Besteuerungsanteil nach Renteneintritt
| Renteneintritt | Besteuerungsanteil | Steuerfreier Anteil |
|---|---|---|
| 2025 | 83,5 % | 16,5 % |
| 2030 | 90,0 % | 10,0 % |
| 2035 | 92,5 % | 7,5 % |
| 2040 | 95,0 % | 5,0 % |
| 2050 | 100,0 % | 0,0 % |
| ab 2058 | 100,0 % | 0,0 % |
Rechenbeispiel: 1.800 Euro Brutto-Rente
Du gehst 2050 in Rente mit 1.800 Euro Brutto-Rente monatlich, bist gesetzlich krankenversichert, hast 2 Kinder und keine weiteren Einkünfte. Die Abzuege: Krankenversicherung (8,15 %) = 146,70 Euro, Pflegeversicherung (2,80 %) = 50,40 Euro. Verbleibt: 1.602,90 Euro. Der Besteuerungsanteil ist 100 Prozent. Nach Abzug des Grundfreibetrags und der Werbungskostenpauschale ergibt sich ein zu versteuerndes Jahreseinkommen von ca. 7.139 Euro — das liegt unter dem Grundfreibetrag. Du zahlst also null Euro Steuern. Netto-Rente: ca. 1.603 Euro (89 Prozent des Brutto).

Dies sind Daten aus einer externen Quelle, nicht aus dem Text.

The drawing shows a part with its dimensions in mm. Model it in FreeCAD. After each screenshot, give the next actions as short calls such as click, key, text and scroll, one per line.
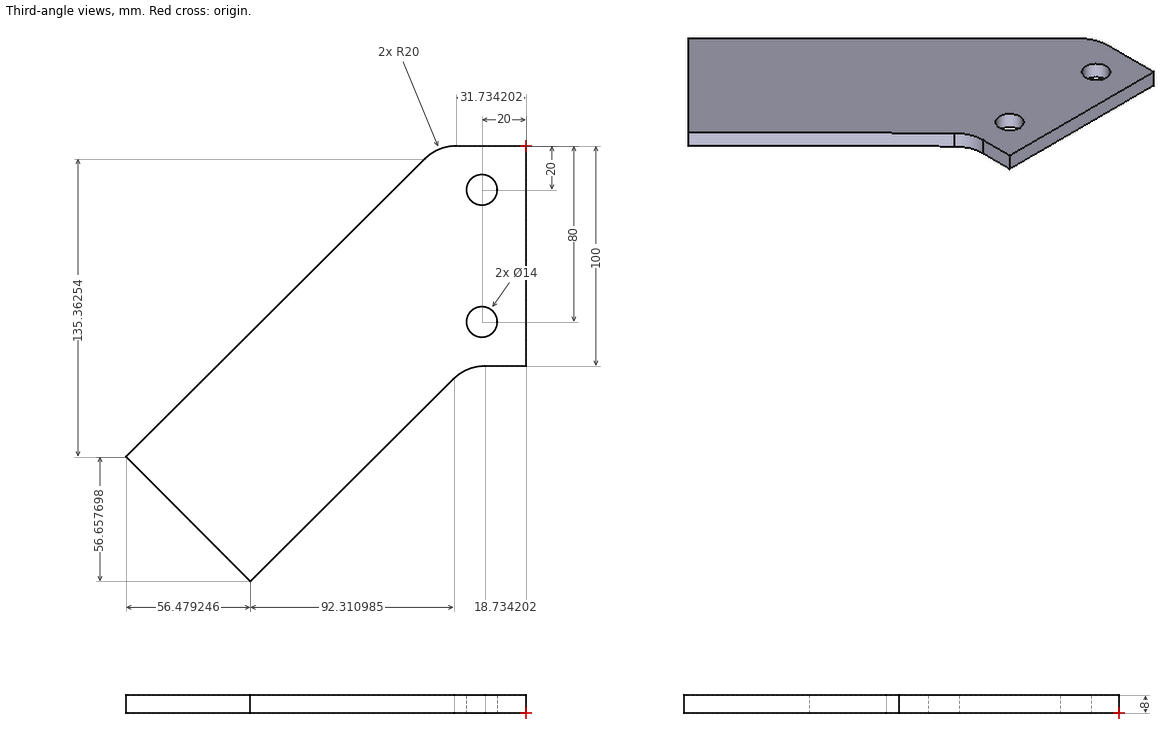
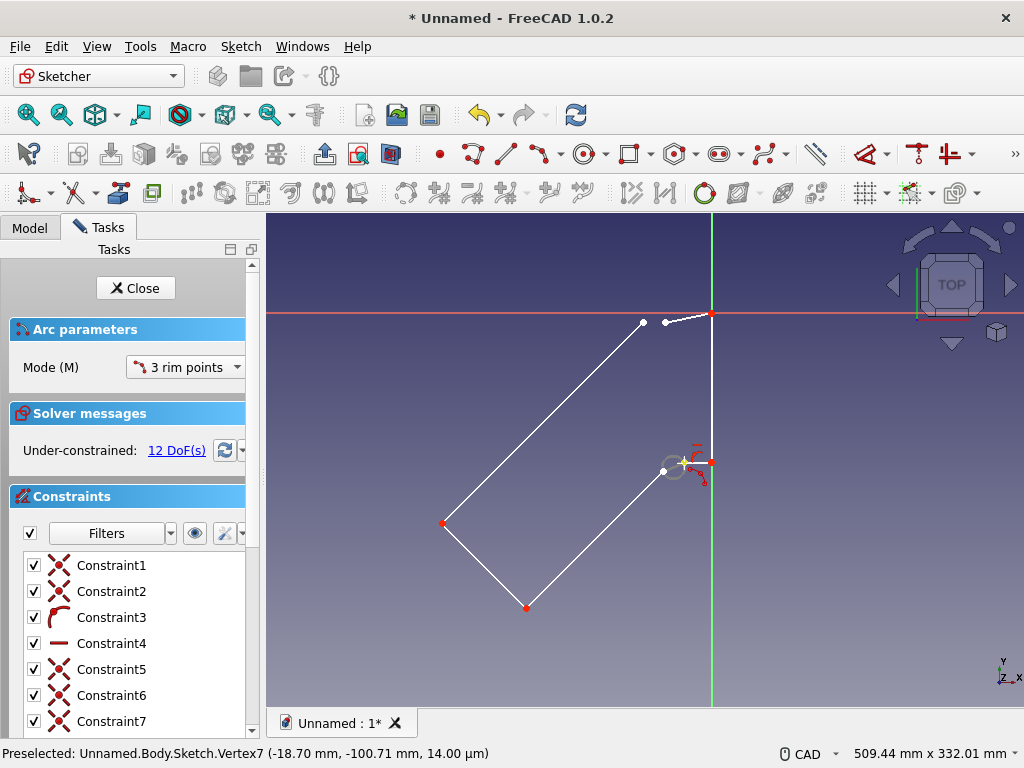
scroll(673, 464, up, 10)
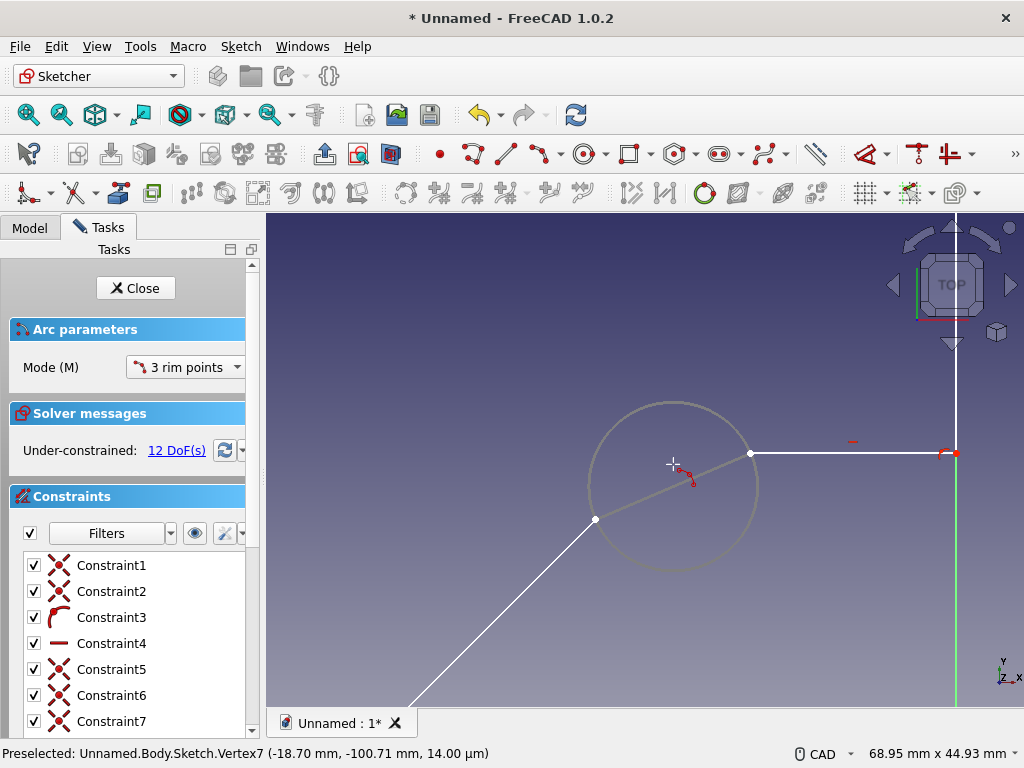
click(666, 462)
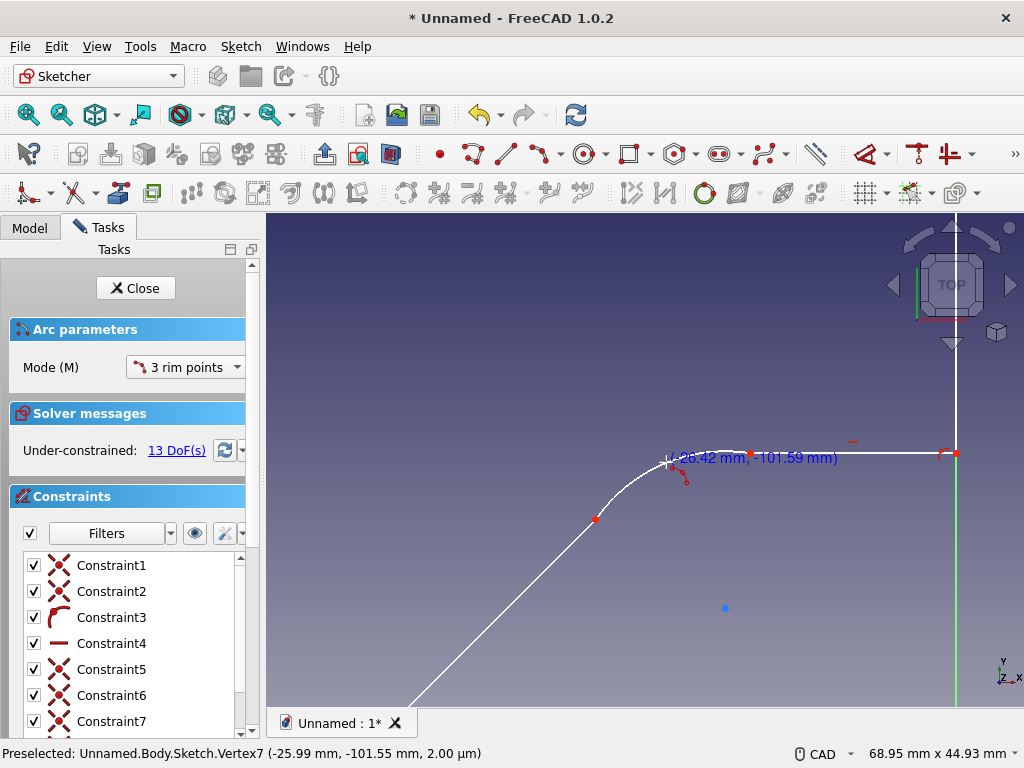
scroll(673, 464, down, 10)
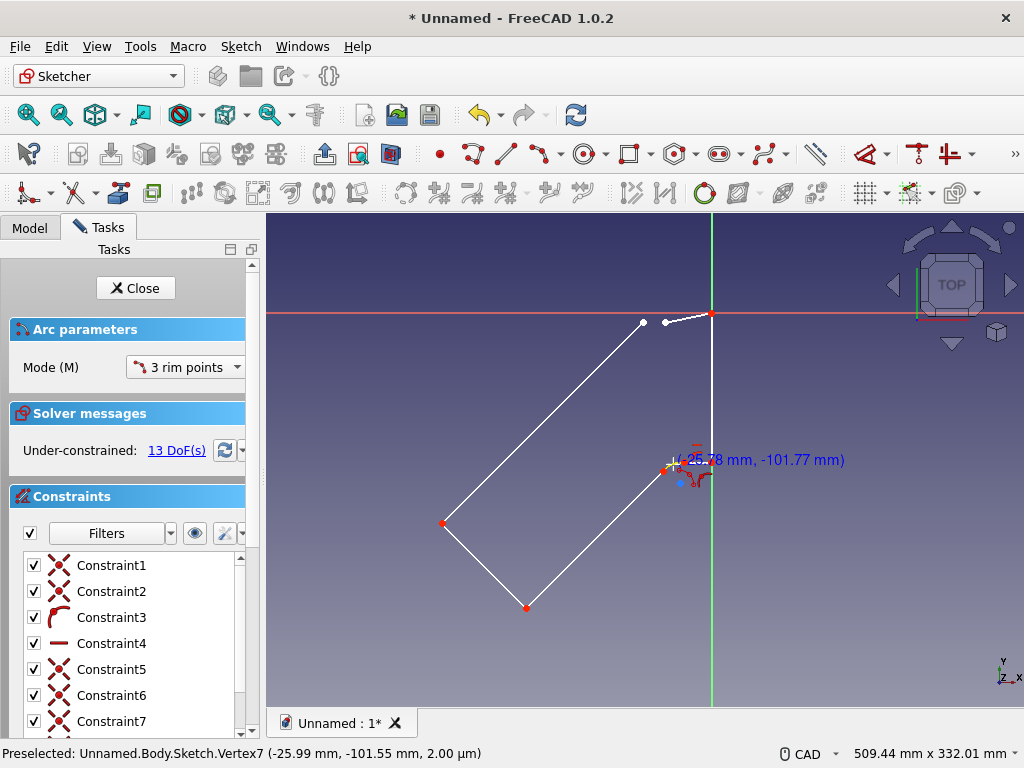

Anders sieht es aus, wenn du zusätzlich 800 Euro betriebliche Rente und 500 Euro Mieteinnahmen hast. Dann liegt dein Gesamteinkommen bei 3.100 Euro monatlich, und du zahlst je nach Konstellation 150 bis 250 Euro Steuern monatlich. Die Netto-Rente sinkt auf rund 2.500 Euro — nur noch 81 Prozent des Brutto.
Was die Netto-Rente erhöht
- Kinder (niedrigerer Pflegeversicherungssatz)

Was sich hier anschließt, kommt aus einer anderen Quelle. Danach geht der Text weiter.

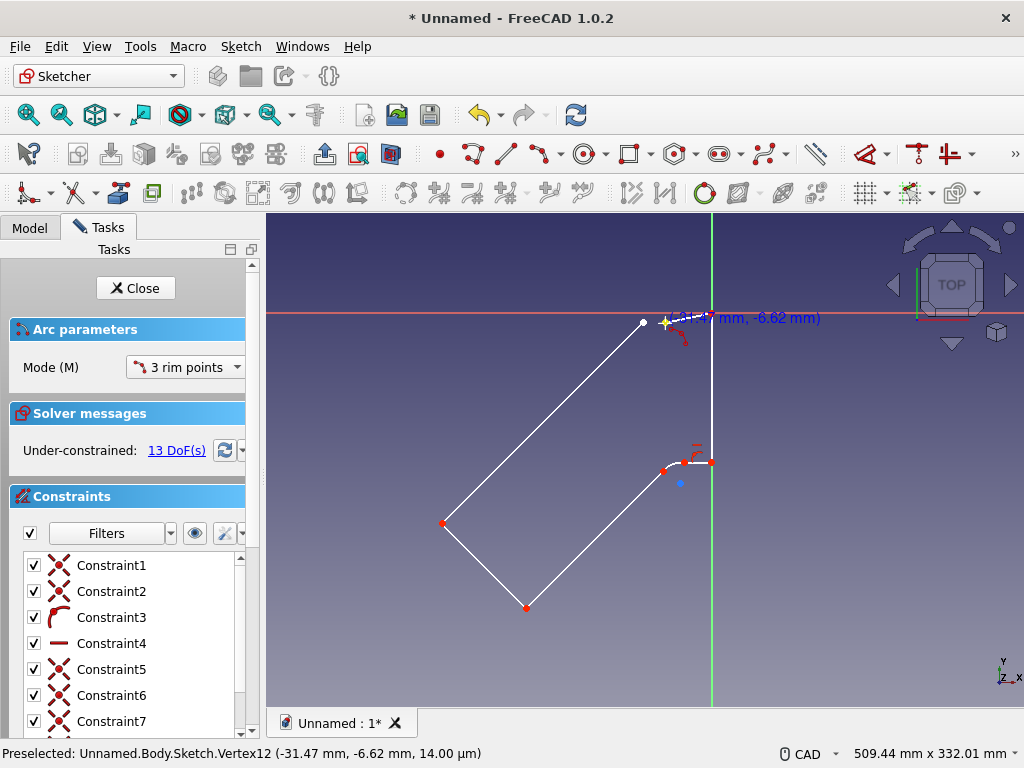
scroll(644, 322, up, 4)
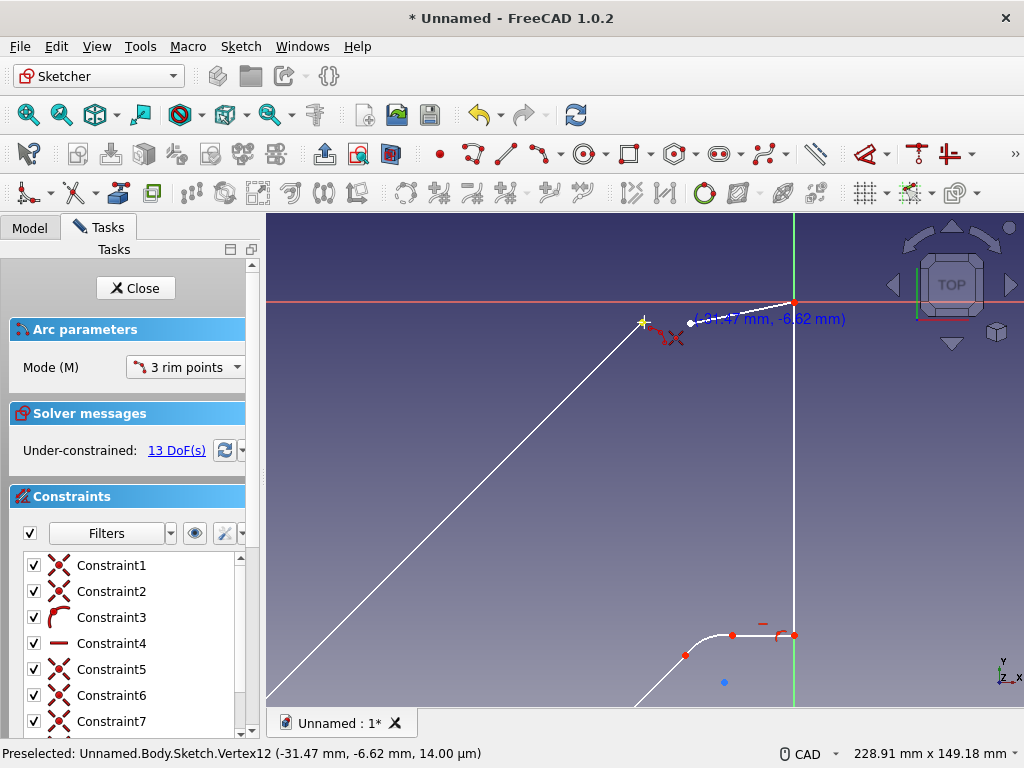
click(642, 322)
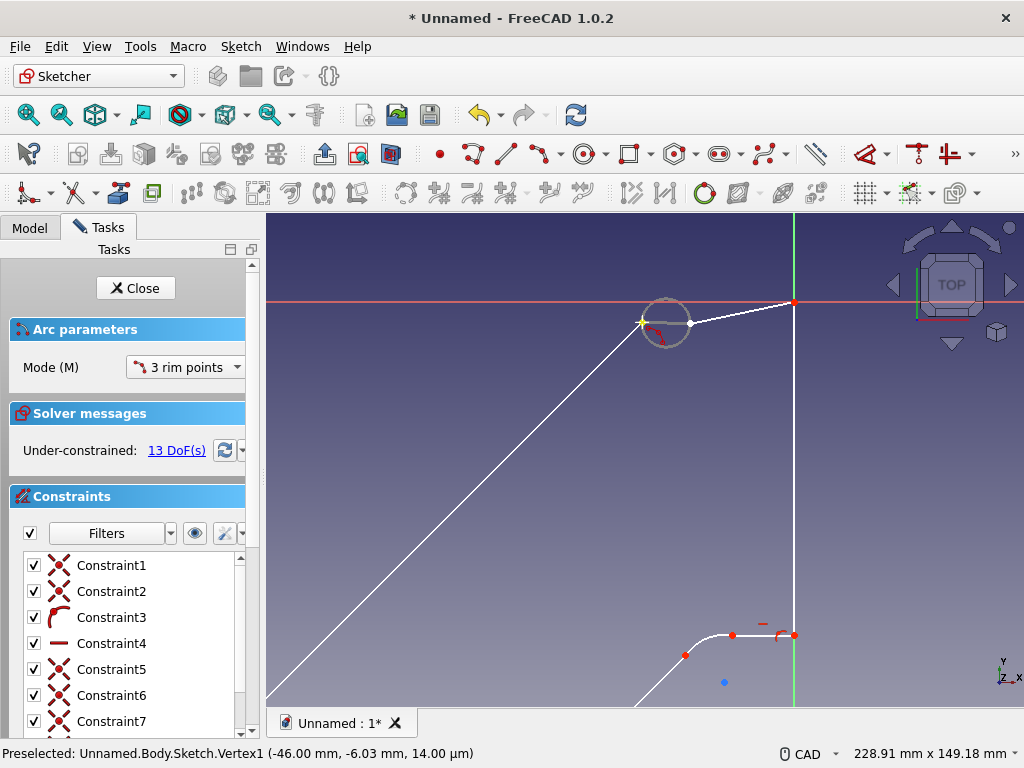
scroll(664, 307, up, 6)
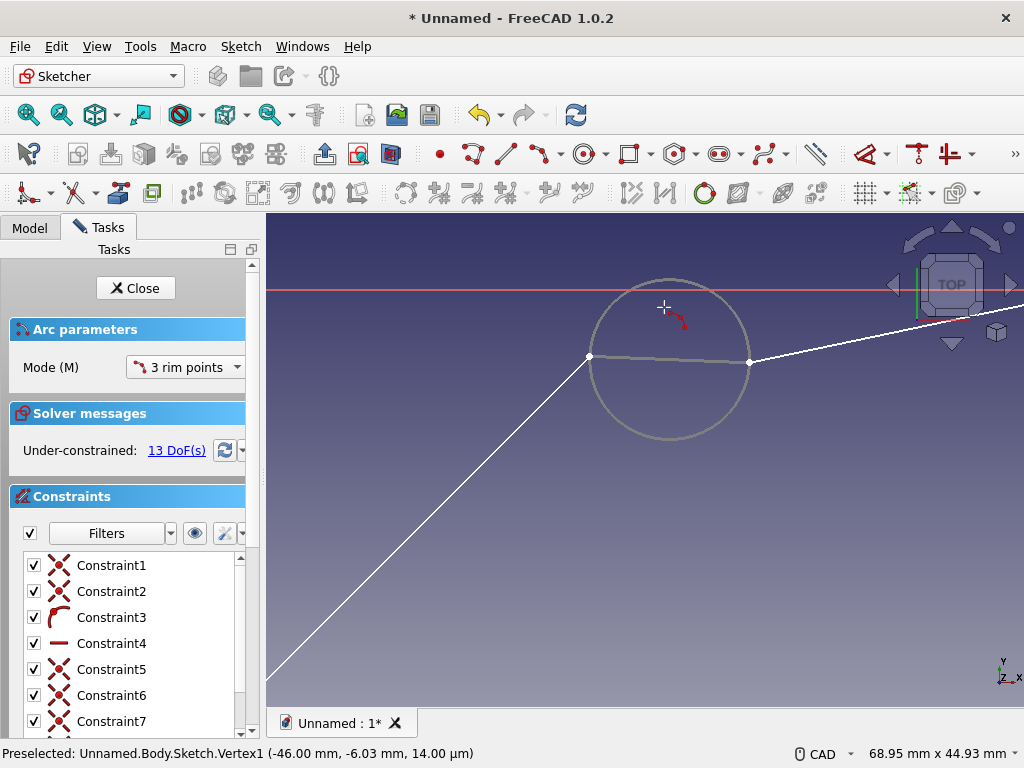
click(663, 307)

- GKV-Pflichtversicherung (halber KV-Satz)
- Früher Renteneintritt (höherer steuerfreier Anteil)
- Keine weiteren Einkünfte (niedrigerer Steuersatz)

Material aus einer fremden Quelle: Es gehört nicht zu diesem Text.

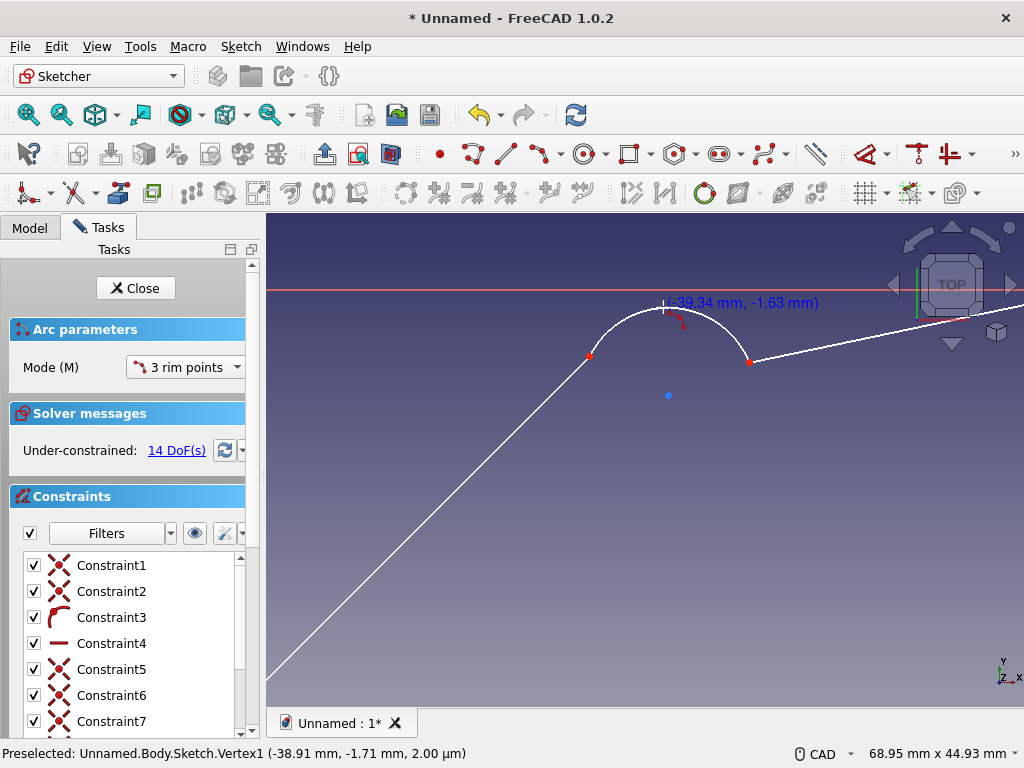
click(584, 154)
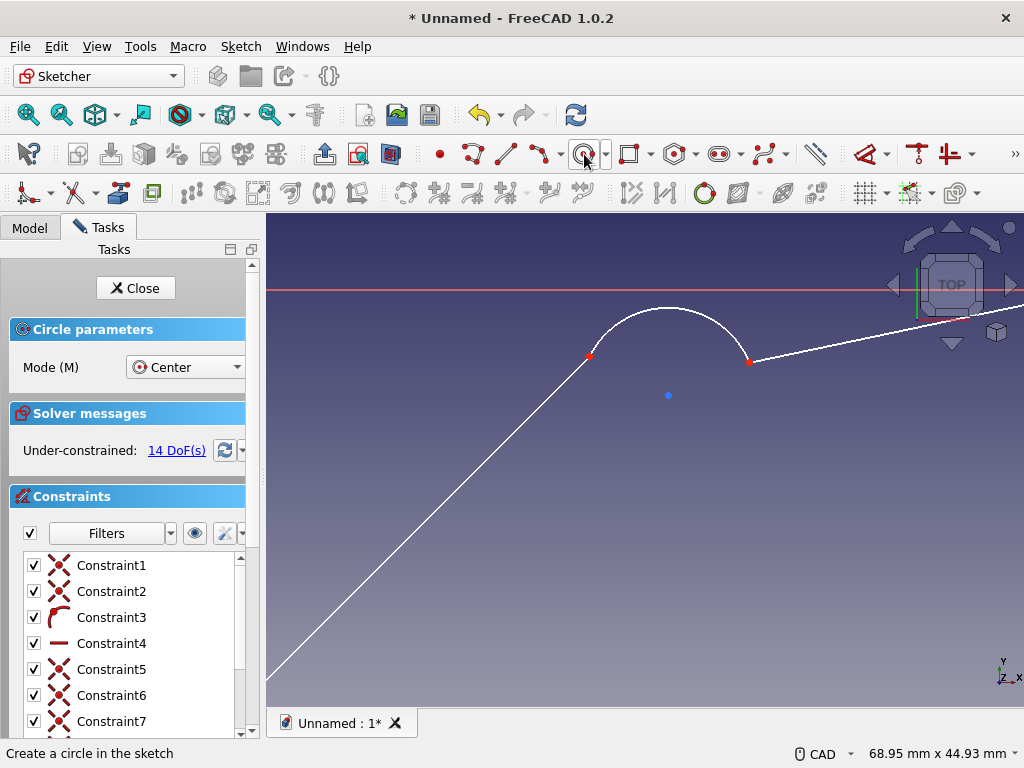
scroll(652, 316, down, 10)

- Eigene Immobilie (keine Mietkosten)
Was die Netto-Rente senkt
- Kinderlosigkeit (höchster PV-Satz)
- PKV mit hohem Beitrag
- Hohe weitere Einkünfte (hoher Steuersatz)
- Später Renteneintritt (hoher Besteuerungsanteil)
- Kirchensteuer
Warum die Netto-Rente für die Rentenlücke entscheidend ist
Wenn du deine Rentenlücke berechnest, zaehlt nur die Netto-Rente. Eine Brutto-Rente von 2.000 Euro klingt ordentlich — aber wenn nach Abzuegen nur 1.400 Euro bleiben und du 2.500 Euro brauchst, beträgt deine echte Lücke 1.100 Euro, nicht 500 Euro. Viele unterschätzen ihre Lücke, weil sie mit Brutto-Werten rechnen.
Nutze diesen Rechner, um deine reale Netto-Rente zu ermitteln, und gib diesen Wert dann in den Rentenlücke-Rechner ein. Nur so bekommst du ein ehrliches Bild deiner Versorgungssituation. Die nötige Sparrate kannst du anschließend berechnen. Beruecksichtige auch die Inflation, die deinen Bedarf im Alter erhöht. Ein Blick auf die Gebühren lohnt sich ebenfalls — denn niedrige Kosten erhöhen deine Netto-Rente indirekt.
Stand: März 2026. Alle Angaben ohne Gewähr. Das Altersvorsorgedepot befindet sich im Gesetzgebungsprozess — Details können sich noch ändern.